Christian took out his phone, set it on the table where everyone could see. He scrolled through some pictures he must've taken today, soon after I'd left the ship. My boxes were still on the deck, but Christian had covered them to keep out the rain; the tattered blue tarps enhanced the fixer-upper vibe considerably.

“Gross,” Vanessa said. “Looks like patchin' up that ol' girl is gonna take a lot more than an eighties music montage.”

“Do I even know you?” Christian said. “It's like you're speaking another language.”

“Back me up, girls,” she said to me and Kirby. “The rah-rah, we-can-fix-it-up montage is essential to any romantic comedy.”

“You see me laughing?” Christian's face was all angles, stone cold. The phone buzzed on the table, and he picked it up to check the incoming text. He looked up immediately, waved again at the girl across the way. “Calla,” he whispered to us. “
That's
her name.”

“You might need to change your phone number,” Vanessa said.

He stowed the phone in his sweatshirt pocket. “Again?”

“Your ninety-nine girl problems are fascinating,” Kirby said, keeping her eyes on me, “but back on point. Is the boat that dicey?”

“Piece of stupid dicey?” Sebastian laughed again.

“In a word, yes.” Christian gave her an overview of the damage, ­glossing over the part about my redecorating. Just like at the docks, despite the grim report, he seemed excited about the project, getting more animated as he talked. Without breaking stride on the conversation, he leaned in front of me and grabbed the Sharpie I'd left on the table. He made a sketch on a napkin, an illustration to aid the description.

“She needs a major overhaul,” he said, capping the marker and tossing it onto the table. “But she's longer, lighter, and faster than
Never Flounder
. Plus, I've got a better first mate. We're taking this race.”

When I met his eyes, Christian winked at me, and in an instant I felt the force of his confidence, of his faith, a sudden weight around my neck.

Intentional or not, gratitude could so often turn into expectations, into hope. It was one thing to have your own kind of hope, an ember you could nurture inside, something to inspire you when things got dark. If it died, it was on you; no one else even had to know about it, and you were free to reignite it, or to give up and walk away. But when you were carrying it with another person,
for
another person, it was a dangerous dream. Treacherous as the sea, yet fragile as a bubble.

Faith was a funny thing.

He was seriously counting on me, I realized then. It was more than his desperate need for a partner, for someone to help fix up the boat. He really believed in me.

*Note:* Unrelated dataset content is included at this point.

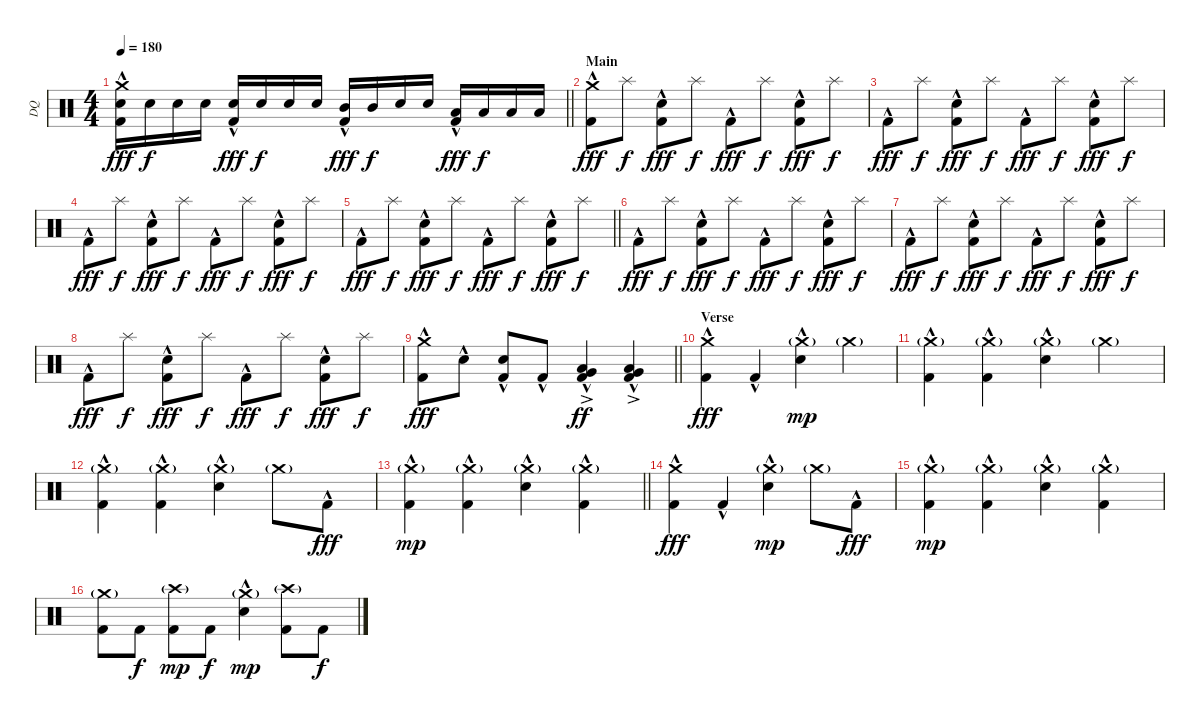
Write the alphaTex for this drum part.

I gave in to another shiver.

Christian nudged me with his elbow, then raised his voice, called out across the restaurant again. “Hear that, Katz?
Never Flounder
's going down this year, dude.”

I guess the piracy had started.

“Keep talking, sailor boy.” Noah laughed as he flipped two burgers off the grill and assembled them on plates, topped with cheese and bacon and mountains of fries. “Anyone ever tell you not to threaten the dude cooking your food?”